The Amazon Australia launch is finally here, their doors are finally open after years of rumours, months of media speculation and a November soft launch.

So, now it’s time to sift through all of the information and reflect on all the ins and outs of Amazon’s launch.

Just in case you missed it, Amazon is a global marketplace that boasts over 300 million active customers, in 189 countries. Selling everything from electronics and pet products, to clothing and beauty products, it’s the go-to for shoppers in many countries. When it comes to retail in the US, Amazon is the first website visited, even bypassing Google in many cases.

The launch 

November 23rd will forever go down as the day Amazon Australia sort of launched in the lucky country, with a test group of customers being targeted. However, December 5 was the morning Aussies awoke to news that Amazon was officially open for business.

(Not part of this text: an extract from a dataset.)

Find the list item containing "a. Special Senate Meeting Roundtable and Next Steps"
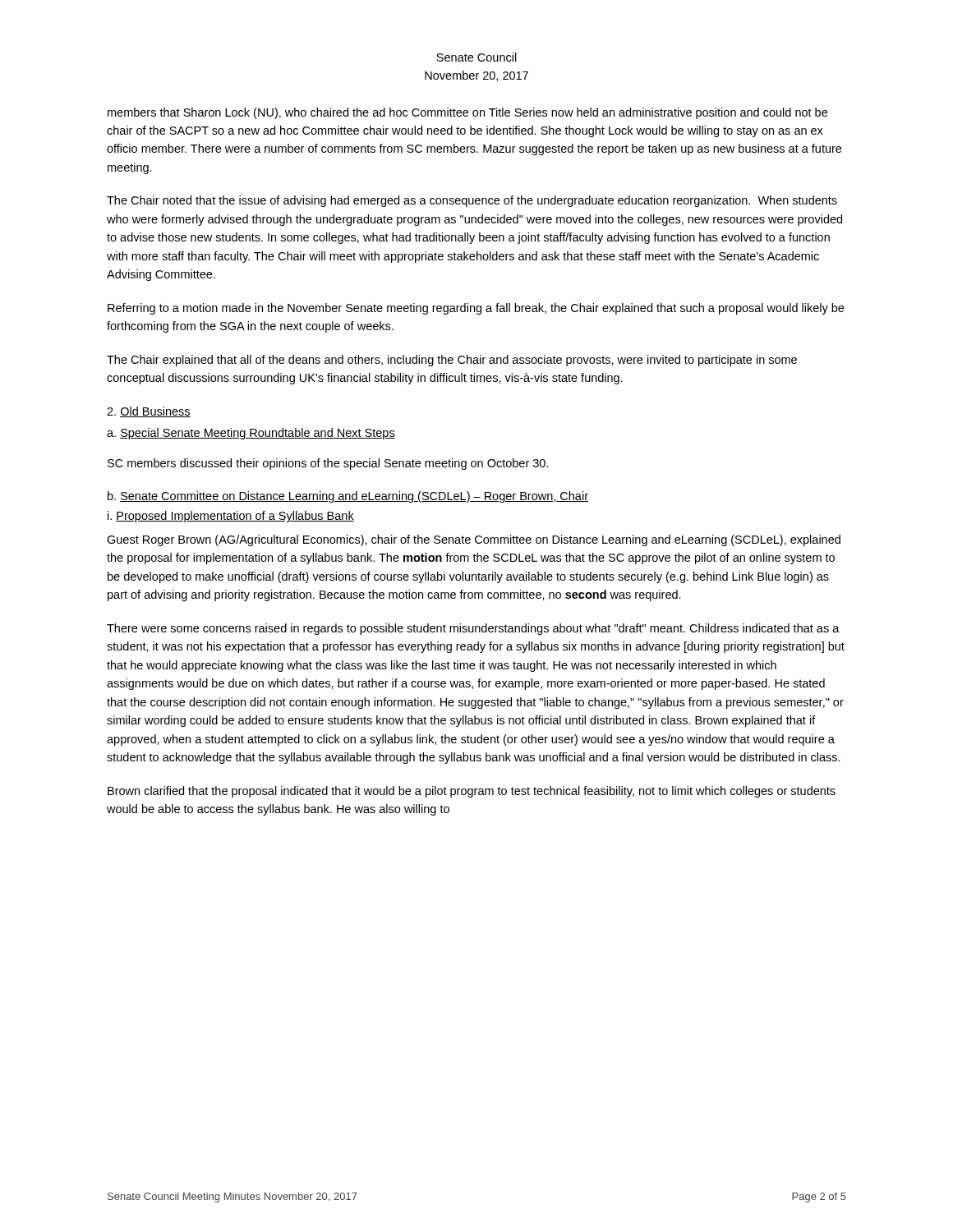This screenshot has height=1232, width=953. (x=251, y=433)

While Amazon missed the massive Thanksgiving weekend, made up of Black Friday and Cyber Monday, the marketplace giant has left plenty of time to take their share of the billions of dollars Australians will spend over the Christmas period.

Could we see less chaos at the doors of David Jones and Myer on Boxing Day this year?

Who’s running the show?

The Australian Country Manager is the German-born Rocco Braeuniger. Rocco has been at Amazon since 2006, holding multiple roles across the organisation. His most recent role being Director of Consumables in Germany.

Amazon Prime 

Amazon Prime is a monthly subscription service which most Amazon customers swear by, which costs $100 annually in the US. This service, which offers free two-day (sometimes same-day) delivery and streaming services, wasn’t part of the launch in its full capacity.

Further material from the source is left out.